**Aim of the task:**
Reproduce the following data exactly, minus any images.

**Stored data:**
◆ ◆ ◆ ◆ ◆ ◆ ◆
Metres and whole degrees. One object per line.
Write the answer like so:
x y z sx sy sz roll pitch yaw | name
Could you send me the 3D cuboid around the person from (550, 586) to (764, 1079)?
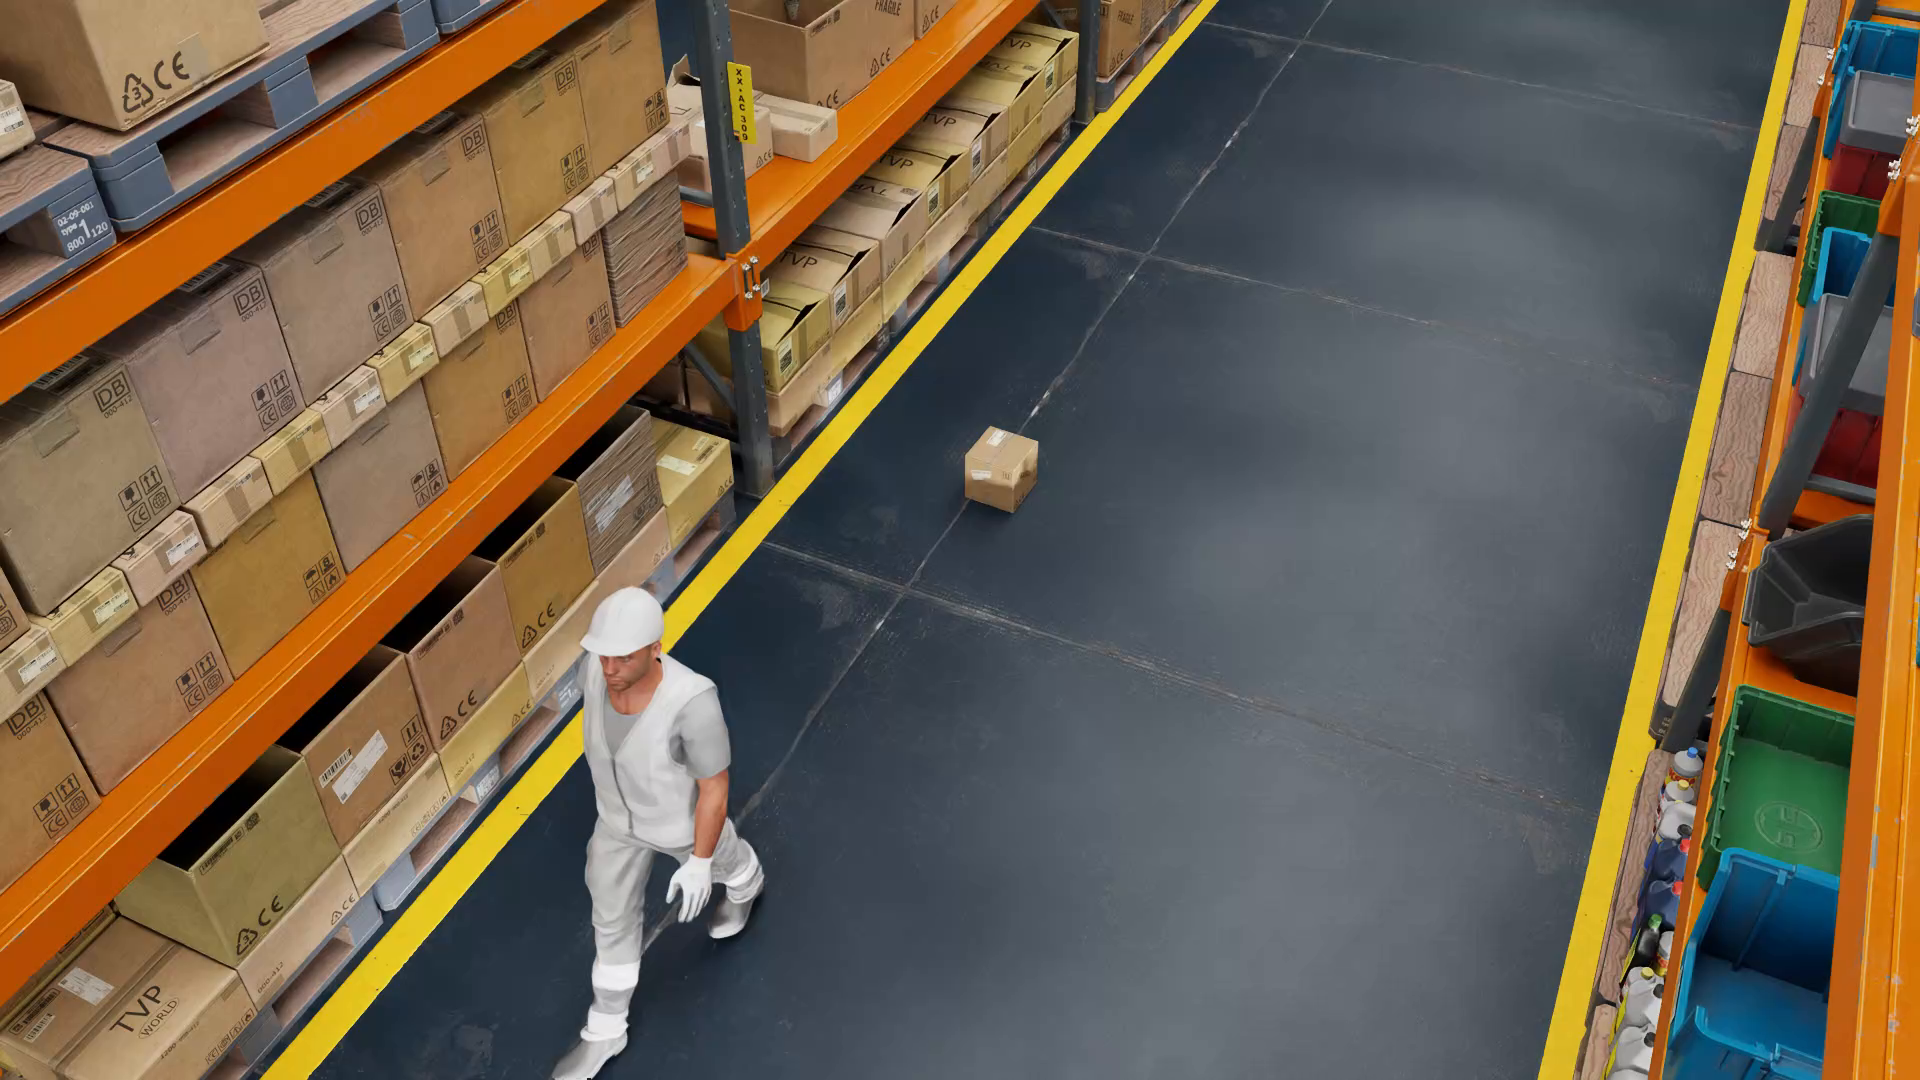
-0.973 0.889 5.126 0.587 1.734 1.020 17 44 18 | person
◆ ◆ ◆ ◆ ◆ ◆ ◆
**Response area:**
Metres and whole degrees. One object per line.
Write the answer like so:
x y z sx sy sz roll pitch yaw | name
Could you send me the 3D cuboid around the person from (550, 586) to (764, 1079)?
-0.973 0.889 5.126 0.587 1.734 1.020 17 44 18 | person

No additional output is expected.